An exact copy of every record, with no pictures, please.

(Data entries)
◇ ◇ ◇
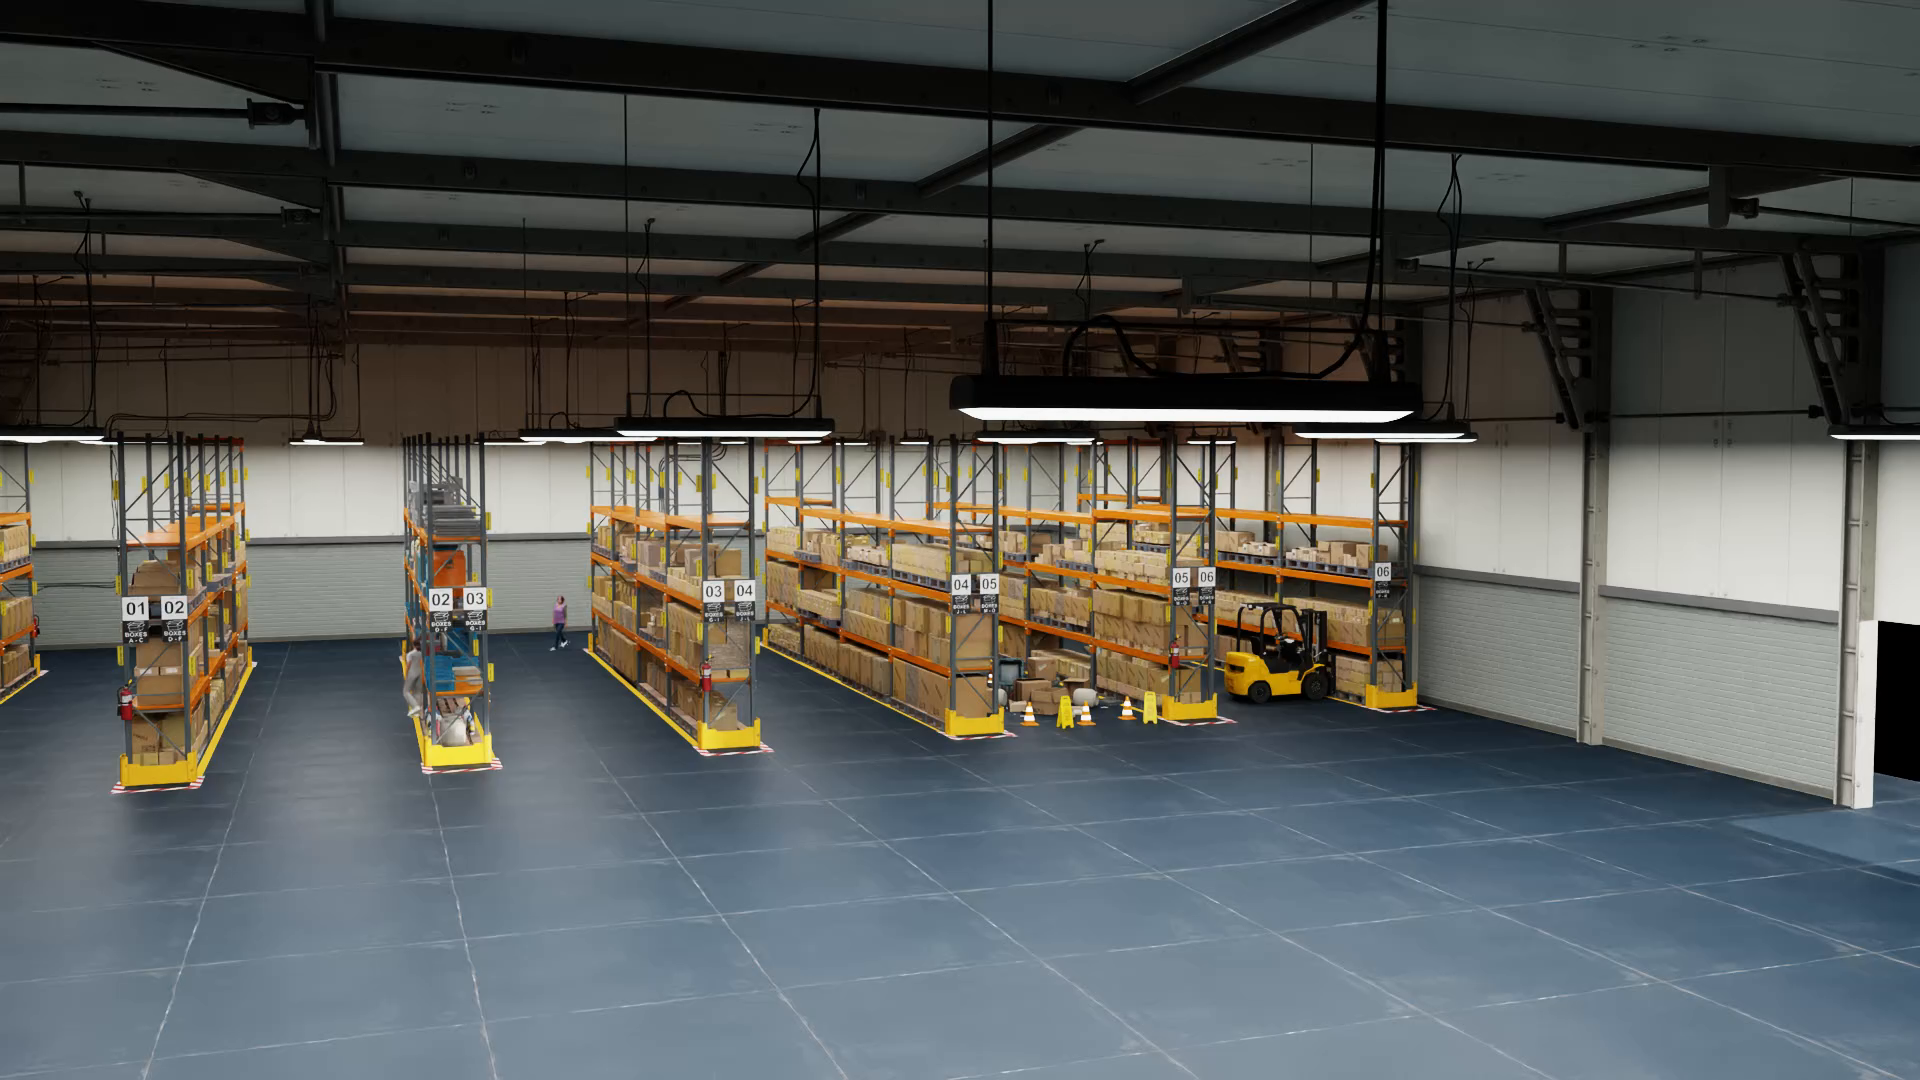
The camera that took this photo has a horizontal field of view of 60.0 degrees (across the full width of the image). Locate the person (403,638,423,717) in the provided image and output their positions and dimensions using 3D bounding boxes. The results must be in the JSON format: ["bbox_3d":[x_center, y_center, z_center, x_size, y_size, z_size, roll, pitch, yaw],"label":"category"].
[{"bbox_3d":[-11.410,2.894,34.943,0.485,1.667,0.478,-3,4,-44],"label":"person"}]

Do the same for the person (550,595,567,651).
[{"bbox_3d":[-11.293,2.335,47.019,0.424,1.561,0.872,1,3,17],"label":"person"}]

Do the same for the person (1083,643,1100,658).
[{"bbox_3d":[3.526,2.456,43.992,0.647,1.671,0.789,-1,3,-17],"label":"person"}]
◇ ◇ ◇
RESULT »
The camera that took this photo has a horizontal field of view of 60.0 degrees (across the full width of the image). Locate the person (403,638,423,717) in the provided image and output their positions and dimensions using 3D bounding boxes. The results must be in the JSON format: ["bbox_3d":[x_center, y_center, z_center, x_size, y_size, z_size, roll, pitch, yaw],"label":"category"].
[{"bbox_3d":[-11.410,2.894,34.943,0.485,1.667,0.478,-3,4,-44],"label":"person"}]

Do the same for the person (550,595,567,651).
[{"bbox_3d":[-11.293,2.335,47.019,0.424,1.561,0.872,1,3,17],"label":"person"}]

Do the same for the person (1083,643,1100,658).
[{"bbox_3d":[3.526,2.456,43.992,0.647,1.671,0.789,-1,3,-17],"label":"person"}]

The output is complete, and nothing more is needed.